A sample of peripheral blood (PB), a sample of apheresis pre-UVA photoactivation (pre-PA) and a sample of photoactivated apheresis (PA) were collected at the first day of ECP and every week for the first month of treatment. Informed consent was obtained from all patients. PB, pre-PA and PA samples were characterized at day 0, 8, 15, 21, 30 of ECP treatment. The percentage obtained by cytofluorimetric analysis was used to calculate the absolute number of cells/μl based on the white blood cell (WBC) number counted using a standard hemacytometer (DASIT).

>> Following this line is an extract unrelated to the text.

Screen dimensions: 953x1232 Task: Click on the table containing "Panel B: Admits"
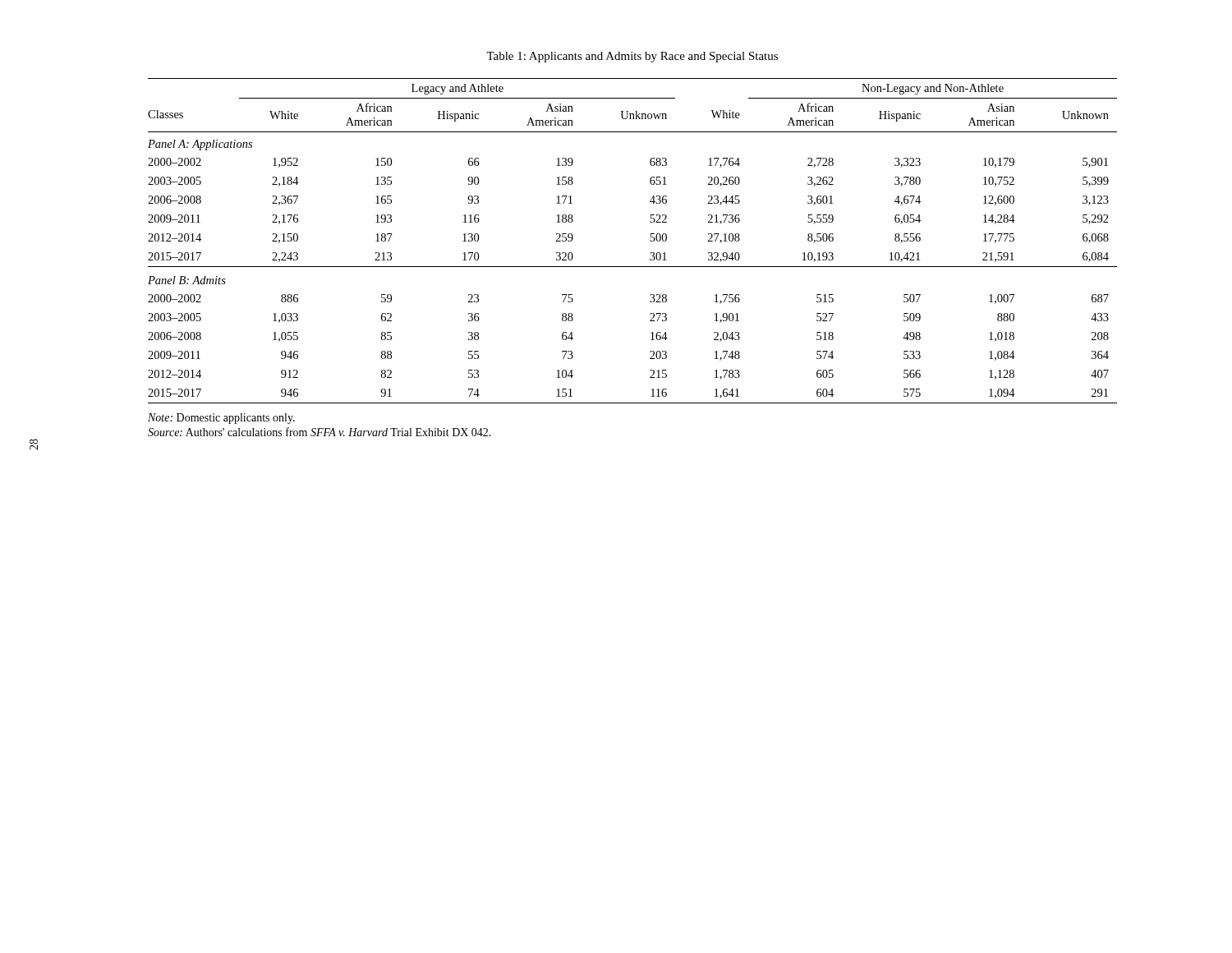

Statistical analysis was performed using NCSS for Windows. Descriptive statistics are reported as medians, continuous variable differences between groups were calculated with the Student T test. The fold change was calculated by the ratio between the difference (day 30 – day 0) /day 0. The P value below 0.05 was
considered as statistically significant.
As shown in Table 1, at day 30 we observed a 0.48 change of
CD3+. After 30 days of treatment there was an improvement of
the CD4+/CD8+ ratio from 0.49 to 0.86 (0.75 times), that resulted
in a change of CD3+CD4+ (from 234 to 384 x109/L) compared
to CD3+CD8+ (from 475 to 448 x109/L). Moreover, in the same
period of study, we had a change of 0.75 times of CD3-CD56+ from
272 to 478 x109/L 62 and a smaller rise of CD19+ from 214 to
256 x109/L. The naïve CD4+ and CD8+ lymphocytes rose from 4
to 39x109/L (8.75-fold change, P=0.02) and from 27 to 58x109/L
(1.14-fold change) over a month while their memory counterpart
fell by 0.62 and 0.55-fold. When we calculated the CD4+ and CD8+
naïve/memory ratio we found a 35- and 4-fold change (P=0.01
and 0.02). Comparing the day 0 and day 30 peripheral blood
samples, we observed a high rise of 0.66 and 1.14 times for mDCs
(mDC from 9 to 15 x109/L [P=0.03] and pDC from 7 to 15 x109/L
[P=0.05]) respectively together with a change of Tregs (from
2.9 to 9.1 x109/L, 3.5-fold change [P=0.04]). Finally, when we
analyzed the changes between pre- and post-UVA photoactivation
a significant change of Treg was observed (0.35-fold change,
P=0.05), while a decrease in cell number was observed for CD8+
(P=0.05) (Table 2).
Considering the low number of patients enrolled in this study
no firm conclusions can be drawn from a clinical point of view,
while a biological effect was certainly highlighted. Our findings
are in line with previous publications, however a larger cohort
of patients is needed to establish a direct correlation between
biological changes and clinical responses.